Doué des qualités humaines qui faisaient de lui un agréable compagnon de vie et de travail, Gabriel était clair dans ses opinions qui étaient toujours le fruit d’une belle et profonde pensée, cultivée, renseignée et dont le l’axe était toujours l’annonce de l’Évangile et le service de l’Église. Intellectuellement et spirituellement nourri par la tradition dominicaine, il était animé par la transmission de l’Évangile en particulier grâce à la prédication et à la catéchèse. Lors de liturgies qu’il désirait belles et signifiantes, il prenait toujours soin de goûter l’Écriture pour lui-même avant de la transmettre aux fidèles. Attentif aux personnes, il était aussi fin diplomate afin de toujours veiller à l’unité et à la communion des groupes et des paroisses qui lui étaient confiés.

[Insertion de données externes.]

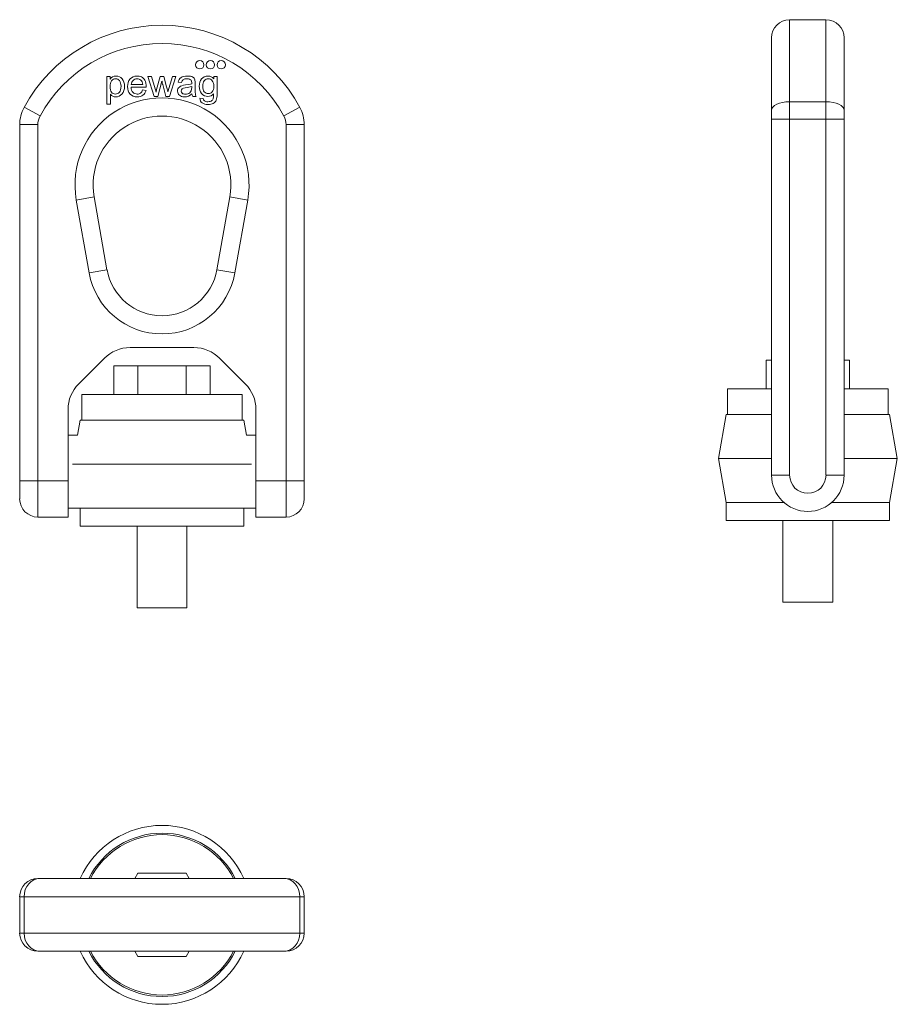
# Model space of a CAD drawing. Header units: millimetres. Extents: x 72 to 247, y 74 to 270.
import ezdxf

# ---------------------------------------------------------------- set-up
doc = ezdxf.new("R2010")
doc.units = ezdxf.units.MM
doc.layers.add('1', color=7, linetype='Continuous', true_color=0xffffff)

msp = doc.modelspace()

# ---------------------------------------------------------------- linework, layer by layer
at = {"layer": '1', "color": 30, "linetype": 'Continuous', "lineweight": 18}
for p, q in [((232.97, 270.29), (225.72, 270.29)), ((222.1, 266.66), (222.1, 252.18)), ((236.6, 252.18), (236.6, 266.66)), ((89.46, 258.95), (89.46, 253.44)), ((90.09, 258.95), (89.46, 258.95)), ((90.09, 258.44), (90.09, 258.95)), ((90.1, 258.44), (90.09, 258.44)), ((97.66, 258.95), (98.9, 254.97)), ((98.37, 258.95), (97.66, 258.95)), ((99.26, 255.8), (98.37, 258.95)), ((100.11, 258.95), (99.39, 256.34)), ((99.62, 254.97), (100.43, 258.03)), ((100.82, 258.95), (100.11, 258.95)), ((100.43, 258.03), (100.44, 258.03)), ((101.37, 256.86), (100.82, 258.95)), ((102.55, 258.95), (101.63, 255.89)), ((101.95, 254.97), (103.22, 258.95)), ((103.22, 258.95), (102.55, 258.95)), ((103.68, 257.81), (104.35, 257.73)), ((110.82, 258.47), (110.8, 258.47)), ((110.82, 258.95), (110.82, 258.47)), ((111.45, 258.95), (110.82, 258.95)), ((94.28, 256.79), (97.32, 256.79)), ((96.61, 257.34), (94.32, 257.34)), ((97.29, 256.17), (96.59, 256.25)), ((99.39, 256.34), (99.26, 255.8)), ((100.6, 257.36), (101.24, 254.97)), ((101.63, 255.89), (101.62, 255.89)), ((105.8, 257.36), (105.16, 257.27)), ((90.15, 255.39), (90.17, 255.39)), ((90.15, 253.44), (90.15, 255.39)), ((98.9, 254.97), (99.62, 254.97)), ((101.24, 254.97), (101.95, 254.97)), ((106.58, 254.97), (107.3, 254.97)), ((108.69, 254.54), (108.02, 254.64)), ((89.46, 253.44), (90.15, 253.44)), ((222.1, 250.45), (222.1, 252.18)), ((236.6, 252.18), (236.6, 250.45)), ((222.1, 179.35), (222.1, 250.45)), ((236.6, 250.45), (236.6, 179.35)), ((72.06, 178.23), (72.06, 249.33)), ((128.86, 249.33), (128.86, 178.23)), ((86.92, 234.91), (89.48, 220.37)), ((111.43, 220.37), (113.99, 234.91)), ((94.08, 204.82), (106.83, 204.82)), ((83.84, 197.58), (88.96, 202.69)), ((111.96, 202.69), (117.08, 197.58)), ((81.71, 180.05), (81.71, 192.45)), ((119.2, 192.45), (119.2, 180.05)), ((83.61, 187.3), (81.71, 187.3)), ((119.2, 187.3), (117.3, 187.3)), ((81.71, 178.23), (81.71, 180.05)), ((119.2, 180.05), (119.2, 178.23)), ((72.06, 174.61), (72.06, 178.23)), ((81.71, 170.98), (81.71, 178.23)), ((119.2, 178.23), (119.2, 170.98)), ((128.86, 178.23), (128.86, 174.61)), ((81.71, 172.79), (84.14, 172.79)), ((116.77, 172.79), (119.2, 172.79)), ((75.68, 170.98), (81.71, 170.98)), ((119.2, 170.98), (125.23, 170.98)), ((75.68, 98.81), (76.12, 98.81)), ((76.12, 98.81), (124.79, 98.81)), ((124.79, 98.81), (125.23, 98.81)), ((72.06, 87.93), (72.06, 95.18)), ((128.86, 95.18), (128.86, 87.93)), ((76.12, 84.31), (75.68, 84.31)), ((124.79, 84.31), (76.12, 84.31)), ((125.23, 84.31), (124.79, 84.31))]:
    msp.add_line(p, q, dxfattribs=at)
at = {"layer": '1', "color": 30, "linetype": 'Continuous', "lineweight": 13}
for p, q in [((225.72, 253.91), (225.72, 270.29)), ((232.97, 253.91), (232.97, 270.29)), ((225.72, 253.91), (232.97, 253.91)), ((225.72, 253.91), (225.72, 250.45)), ((232.97, 250.45), (232.97, 253.91)), ((76.12, 251.06), (72.93, 252.79)), ((124.79, 251.06), (127.98, 252.79)), ((222.1, 250.45), (225.72, 250.45)), ((232.97, 250.45), (225.72, 250.45)), ((225.72, 250.45), (225.72, 179.35)), ((232.97, 250.45), (236.6, 250.45)), ((232.97, 179.35), (232.97, 250.45)), ((72.06, 249.33), (75.68, 249.33)), ((75.68, 249.33), (75.68, 178.23)), ((125.23, 249.33), (128.86, 249.33)), ((125.23, 178.23), (125.23, 249.33)), ((86.92, 234.91), (83.35, 234.28)), ((85.91, 219.74), (83.35, 234.28)), ((113.99, 234.91), (117.56, 234.28)), ((117.56, 234.28), (115, 219.74)), ((89.48, 220.37), (85.91, 219.74)), ((111.43, 220.37), (115, 219.74)), ((222.1, 179.35), (225.72, 179.35)), ((232.97, 179.35), (236.6, 179.35)), ((72.06, 178.23), (75.68, 178.23)), ((75.68, 178.23), (81.71, 178.23)), ((75.68, 170.98), (75.68, 178.23)), ((119.2, 178.23), (125.23, 178.23)), ((128.86, 178.23), (125.23, 178.23)), ((125.23, 178.23), (125.23, 170.98)), ((72.06, 95.18), (72.93, 95.18)), ((127.98, 95.18), (72.93, 95.18)), ((72.93, 95.18), (72.93, 87.93)), ((128.86, 95.18), (127.98, 95.18)), ((127.98, 87.93), (127.98, 95.18)), ((72.06, 87.93), (72.93, 87.93)), ((72.93, 87.93), (127.98, 87.93)), ((127.98, 87.93), (128.86, 87.93))]:
    msp.add_line(p, q, dxfattribs=at)
at = {"layer": '1', "color": 252, "linetype": 'Continuous', "lineweight": 18}
for p, q in [((90.86, 201.19), (95.66, 201.19)), ((90.86, 201.19), (90.86, 195.45)), ((95.66, 201.19), (105.25, 201.19)), ((95.66, 201.19), (95.66, 195.45)), ((105.25, 201.19), (110.05, 201.19)), ((105.25, 201.19), (105.25, 195.45)), ((110.05, 201.19), (110.05, 195.45)), ((221.04, 202.31), (222.1, 202.31)), ((221.04, 202.31), (221.04, 196.57)), ((236.6, 202.31), (237.65, 202.31)), ((237.65, 202.31), (237.65, 196.57)), ((84.44, 195.45), (84.44, 190.32)), ((84.44, 195.45), (116.47, 195.45)), ((116.47, 190.32), (116.47, 195.45)), ((213.33, 196.57), (213.33, 191.44)), ((213.33, 196.57), (222.09, 196.57)), ((236.6, 196.57), (245.36, 196.57)), ((245.36, 191.44), (245.36, 196.57)), ((213.03, 191.44), (211.49, 182.67)), ((213.03, 191.44), (222.09, 191.44)), ((236.6, 191.44), (245.66, 191.44)), ((247.2, 182.67), (245.66, 191.44)), ((84.14, 190.32), (83.61, 187.3)), ((84.14, 190.32), (116.77, 190.32)), ((117.3, 187.3), (116.77, 190.32)), ((82.6, 181.56), (118.32, 181.56)), ((211.49, 182.67), (213.03, 173.91)), ((211.49, 182.67), (222.09, 182.67)), ((236.6, 182.67), (247.2, 182.67)), ((245.66, 173.91), (247.2, 182.67)), ((213.03, 173.91), (213.03, 170.29)), ((213.03, 173.91), (224.55, 173.91)), ((234.14, 173.91), (245.66, 173.91)), ((245.66, 170.29), (245.66, 173.91)), ((84.14, 172.79), (84.14, 169.17)), ((84.14, 172.79), (116.77, 172.79)), ((116.77, 169.17), (116.77, 172.79)), ((116.77, 169.17), (84.14, 169.17)), ((95.47, 169.17), (95.47, 152.85)), ((105.44, 152.85), (105.44, 169.17)), ((213.03, 170.29), (245.66, 170.29)), ((224.36, 170.29), (224.36, 153.97)), ((234.33, 153.97), (234.33, 170.29)), ((224.36, 153.97), (234.33, 153.97)), ((105.44, 152.85), (95.47, 152.85)), ((95.66, 99.86), (95.05, 98.81)), ((105.25, 99.86), (95.66, 99.86)), ((105.86, 98.81), (105.25, 99.86)), ((95.05, 84.31), (95.66, 83.25)), ((95.66, 83.25), (105.25, 83.25)), ((105.25, 83.25), (105.86, 84.31))]:
    msp.add_line(p, q, dxfattribs=at)
at = {"layer": '1', "color": 30, "linetype": 'Continuous', "lineweight": 18}
for centre in [(107.99, 261.29), (110.13, 261.29), (112.28, 261.29)]:
    msp.add_circle(centre, 0.825, dxfattribs=at)
for centre, radius, start, end in [((225.72, 266.66), 3.63, 90, 180), ((232.97, 266.66), 3.63, 0, 90), ((100.46, 237.86), 31.31, 28.4746, 151.5254), ((79.31, 249.33), 7.25, 151.5254, 180), ((121.6, 249.33), 7.25, 0, 28.4746), ((100.46, 237.3), 13.75, 350, 190), ((100.46, 222.31), 11.14, 190, 350), ((94.08, 197.57), 7.25, 90, 135), ((106.83, 197.57), 7.25, 45, 90), ((88.96, 192.45), 7.25, 135, 180), ((111.95, 192.45), 7.25, 0, 45), ((229.35, 179.35), 7.25, 180, 0), ((75.68, 174.61), 3.63, 180, 270), ((125.23, 174.61), 3.63, 270, 0), ((75.68, 95.18), 3.63, 90, 180), ((125.23, 95.18), 3.63, 0, 90), ((75.68, 87.93), 3.63, 180, 270), ((125.23, 87.93), 3.63, 270, 0)]:
    msp.add_arc(centre, radius, start, end, dxfattribs=at)
at = {"layer": '1', "color": 30, "linetype": 'Continuous', "lineweight": 13}
for centre, radius, start, end in [((100.46, 237.86), 27.68, 28.4746, 151.5254), ((100.46, 237.3), 17.37, 350, 190), ((79.31, 249.33), 3.63, 151.5254, 180), ((121.6, 249.33), 3.63, 0, 28.4746), ((100.46, 222.31), 14.77, 190, 350), ((229.35, 179.35), 3.63, 180, 0)]:
    msp.add_arc(centre, radius, start, end, dxfattribs=at)
at = {"layer": '1', "color": 252, "linetype": 'Continuous', "lineweight": 18}
for radius, start, end in [(17.86, 23.9512, 156.0431), (16.31, 26.3869, 153.6075), (16.01, 26.9212, 153.0731), (17.86, 203.9569, 336.0487), (16.31, 206.3925, 333.6131), (16.01, 206.9269, 333.0788)]:
    msp.add_arc((100.46, 91.56), radius, start, end, dxfattribs=at)
at = {"layer": '1', "color": 30, "linetype": 'Continuous', "lineweight": 13}
for centre, major_axis, ratio, start_param, end_param in [((225.72, 252.18), (-3.63, 0), 0.476769, 4.712389, 6.283185), ((232.97, 252.18), (3.63, 0), 0.476769, 0, 1.570796), ((76.12, 95.18), (0, 3.63), 0.879029, 0, 1.570796), ((124.79, 95.18), (0, 3.63), 0.879029, 4.712389, 6.283185), ((76.12, 87.93), (0, -3.63), 0.879029, 4.712389, 6.283185), ((124.79, 87.93), (0, -3.63), 0.879029, 0, 1.570796)]:
    msp.add_ellipse(centre, major_axis=major_axis, ratio=ratio, start_param=start_param, end_param=end_param, dxfattribs=at)
at = {"layer": '1', "color": 30, "linetype": 'Continuous', "lineweight": 18}
for points, knots in [([(91.96, 255.82), (91.75, 255.56), (91.49, 255.43), (90.84, 255.43), (90.58, 255.56), (90.18, 256.07), (90.08, 256.44), (90.08, 257.4), (90.18, 257.78), (90.39, 258.07)], [0, 0, 0, 0, 0.252523, 0.252523, 0.507302, 0.507302, 0.760524, 0.760524, 1, 1, 1, 1]), ([(90.17, 255.39), (90.43, 255.05), (90.78, 254.88), (91.71, 254.88), (92.13, 255.07), (92.81, 255.83), (92.98, 256.34), (92.98, 257.6), (92.82, 258.09), (92.52, 258.47)], [0, 0, 0, 0, 0.230139, 0.230139, 0.492074, 0.492074, 0.754009, 0.754009, 1, 1, 1, 1]), ([(90.39, 258.07), (90.6, 258.36), (90.87, 258.51), (91.51, 258.51), (91.77, 258.38), (91.97, 258.12)], [0, 0, 0, 0, 0.508929, 0.508929, 1, 1, 1, 1]), ([(91.97, 258.12), (92.17, 257.85), (92.28, 257.48), (92.28, 256.47), (92.17, 256.08), (91.96, 255.82)], [0, 0, 0, 0, 0.485315, 0.485315, 1, 1, 1, 1]), ([(97.03, 258.2), (96.84, 258.5), (96.61, 258.72), (96.06, 258.98), (95.78, 259.04), (94.88, 259.04), (94.41, 258.84), (93.75, 258.06), (93.58, 257.56), (93.58, 256.29), (93.75, 255.79), (94.09, 255.43)], [0, 0, 0, 0, 0.122571, 0.122571, 0.245141, 0.245141, 0.495638, 0.495638, 0.746134, 0.746134, 1, 1, 1, 1]), ([(94.68, 258.17), (94.89, 258.38), (95.16, 258.49), (95.75, 258.49), (96, 258.4), (96.23, 258.22)], [0, 0, 0, 0, 0.544578, 0.544578, 1, 1, 1, 1]), ([(106.58, 258.83), (106.35, 258.97), (106, 259.04), (104.98, 259.04), (104.56, 258.94), (104.25, 258.73)], [0, 0, 0, 0, 0.476124, 0.476124, 1, 1, 1, 1]), ([(104.71, 258.33), (104.88, 258.43), (105.11, 258.49), (105.64, 258.49), (105.82, 258.46), (105.96, 258.4)], [0, 0, 0, 0, 0.559783, 0.559783, 1, 1, 1, 1]), ([(107.11, 255.52), (107.09, 255.71), (107.08, 256.08), (107.08, 256.94), (107.08, 257.24), (107.08, 257.86), (107.05, 258.11), (107, 258.31)], [0, 0, 0, 0, 0.472356, 0.472356, 0.730769, 0.730769, 1, 1, 1, 1]), ([(110.8, 258.47), (110.5, 258.85), (110.11, 259.04), (109.09, 259.04), (108.66, 258.84), (108.04, 258.06), (107.88, 257.58), (107.88, 256.41), (108.04, 255.93), (108.68, 255.16), (109.1, 254.97), (110.08, 254.97), (110.46, 255.14), (110.76, 255.49)], [0, 0, 0, 0, 0.152201, 0.152201, 0.327187, 0.327187, 0.502173, 0.502173, 0.676318, 0.676318, 0.850463, 0.850463, 1, 1, 1, 1]), ([(110.47, 255.86), (110.25, 255.63), (109.99, 255.52), (109.38, 255.52), (109.12, 255.64), (108.69, 256.12), (108.58, 256.51), (108.58, 257.48), (108.69, 257.84), (109.09, 258.36), (109.36, 258.49), (110, 258.49), (110.27, 258.36), (110.49, 258.11)], [0, 0, 0, 0, 0.170496, 0.170496, 0.350972, 0.350972, 0.53257, 0.53257, 0.689759, 0.689759, 0.846948, 0.846948, 1, 1, 1, 1]), ([(110.49, 258.11), (110.7, 257.85), (110.81, 257.49), (110.81, 256.48), (110.7, 256.09), (110.47, 255.86)], [0, 0, 0, 0, 0.469444, 0.469444, 1, 1, 1, 1]), ([(111.28, 254.24), (111.4, 254.52), (111.45, 254.94), (111.45, 256.65), (111.45, 257.8), (111.45, 258.95)], [0, 0, 0, 0, 0.329499, 0.329499, 1, 1, 1, 1]), ([(96.18, 255.63), (96, 255.5), (95.78, 255.43), (95.18, 255.43), (94.89, 255.55), (94.67, 255.78)], [0, 0, 0, 0, 0.434679, 0.434679, 1, 1, 1, 1]), ([(103.92, 256.84), (103.68, 256.63), (103.56, 256.35), (103.56, 255.68), (103.69, 255.4), (104.18, 254.98), (104.52, 254.88), (105.48, 254.88), (105.98, 255.07), (106.44, 255.46)], [0, 0, 0, 0, 0.228358, 0.228358, 0.466434, 0.466434, 0.703045, 0.703045, 1, 1, 1, 1]), ([(104.51, 255.59), (104.37, 255.71), (104.3, 255.86), (104.3, 256.4), (104.56, 256.62), (105.6, 256.75), (106.03, 256.85), (106.39, 256.97)], [0, 0, 0, 0, 0.201238, 0.201238, 0.600619, 0.600619, 1, 1, 1, 1]), ([(106, 255.71), (105.75, 255.51), (105.45, 255.41), (104.85, 255.41), (104.65, 255.47), (104.51, 255.59)], [0, 0, 0, 0, 0.563246, 0.563246, 1, 1, 1, 1]), ([(106.39, 256.97), (106.39, 256.88), (106.39, 256.8), (106.39, 256.24), (106.26, 255.91), (106, 255.71)], [0, 0, 0, 0, 0.146096, 0.146096, 1, 1, 1, 1]), ([(94.09, 255.43), (94.44, 255.06), (94.91, 254.88), (95.98, 254.88), (96.36, 254.99), (96.66, 255.21)], [0, 0, 0, 0, 0.57047, 0.57047, 1, 1, 1, 1]), ([(108.48, 253.66), (108.78, 253.46), (109.16, 253.36), (110.03, 253.36), (110.38, 253.43), (110.96, 253.74), (111.17, 253.96), (111.28, 254.24)], [0, 0, 0, 0, 0.361029, 0.361029, 0.681442, 0.681442, 1, 1, 1, 1]), ([(110.4, 254.12), (110.23, 253.98), (109.97, 253.91), (109.33, 253.91), (109.11, 253.96), (108.95, 254.07)], [0, 0, 0, 0, 0.555804, 0.555804, 1, 1, 1, 1]), ([(110.76, 255.49), (110.76, 255.13), (110.74, 254.85), (110.66, 254.44), (110.56, 254.26), (110.4, 254.12)], [0, 0, 0, 0, 0.5, 0.5, 1, 1, 1, 1])]:
    msp.add_open_spline(points, degree=3, knots=knots, dxfattribs=at)
for points in [[(91.26, 259.04), (90.74, 259.04), (90.36, 258.84), (90.1, 258.44)], [(92.52, 258.47), (92.21, 258.85), (91.79, 259.04), (91.26, 259.04)], [(94.32, 257.34), (94.35, 257.68), (94.47, 257.96), (94.68, 258.17)], [(96.23, 258.22), (96.46, 258.04), (96.58, 257.75), (96.61, 257.34)], [(97.32, 256.79), (97.32, 257.42), (97.22, 257.89), (97.03, 258.2)], [(100.44, 258.03), (100.44, 258.01), (100.47, 257.9), (100.52, 257.68)], [(100.52, 257.68), (100.57, 257.47), (100.6, 257.36), (100.6, 257.36)], [(104.25, 258.73), (103.95, 258.53), (103.76, 258.22), (103.68, 257.81)], [(104.35, 257.73), (104.42, 258.02), (104.54, 258.22), (104.71, 258.33)], [(105.96, 258.4), (106.1, 258.35), (106.2, 258.28), (106.26, 258.19)], [(106.26, 258.19), (106.32, 258.1), (106.36, 258.01), (106.37, 257.93)], [(106.37, 257.93), (106.39, 257.84), (106.39, 257.7), (106.39, 257.5)], [(107, 258.31), (106.95, 258.52), (106.81, 258.69), (106.58, 258.83)], [(94.67, 255.78), (94.44, 256.01), (94.31, 256.35), (94.28, 256.79)], [(96.59, 256.25), (96.49, 255.98), (96.36, 255.77), (96.18, 255.63)], [(96.66, 255.21), (96.97, 255.43), (97.18, 255.75), (97.29, 256.17)], [(101.62, 255.89), (101.6, 255.96), (101.52, 256.29), (101.37, 256.86)], [(105.16, 257.27), (104.57, 257.19), (104.16, 257.05), (103.92, 256.84)], [(106.39, 257.5), (106.24, 257.44), (106.04, 257.4), (105.8, 257.36)], [(106.44, 255.46), (106.47, 255.26), (106.51, 255.09), (106.58, 254.97)], [(107.3, 254.97), (107.2, 255.15), (107.13, 255.33), (107.11, 255.52)], [(108.02, 254.64), (108.02, 254.18), (108.17, 253.86), (108.48, 253.66)], [(108.95, 254.07), (108.8, 254.17), (108.71, 254.33), (108.69, 254.54)]]:
    msp.add_open_spline(points, degree=3, dxfattribs=at)

doc.saveas('drawing.dxf')

Chez Cent Mille Milliards, nous avions rencontré Gabriel à Saint François de Molitor et eu la chance de discuter avec lui à de nombreuses reprises, notamment pendant la catéchèse. À l’occasion de son départ pour Saint François de Sales, nous avions rassemblé une sélection de ses homélies, patiemment recueillies et retranscrites dimanche après dimanche par des paroissiennes, au sein d’un exemplaire unique que nous lui avions offert. Il est vrai que ses éclairages sur les Écritures, toujours clairs, subtils, d’une efficacité et d’un enthousiasme irrésistibles, nous avaient éblouis tout au long de ses années. Surpris, Gabriel avait été touché par le fait de tenir en main un livre composé de ses propres paroles et, surtout, étonné d’en avoir autant dites… À la demande des paroissiens et avec son accord ainsi que son concours, nous avions publié fin 2014 en deux volumes la plupart de ses homélies prononcées à Saint François de Molitor.

En juin 2017, nous avions convenu ensemble de réimprimer ses homélies après un tri effectué avec lui, retirant celles qui se répétaient et ajoutant celles qui manquaient dans le calendrier liturgique. Gabriel avait également demandé de compléter l’ouvrage par un index des noms cités et des thèmes. C’était le travail de l’été… L’annonce de sa mort nous stupéfie, sidère, désole, accable, consterne, attriste infiniment. Bien sûr, nous allons prendre contact avec sa famille afin de voir ce qu’elle souhaite que nous fassions.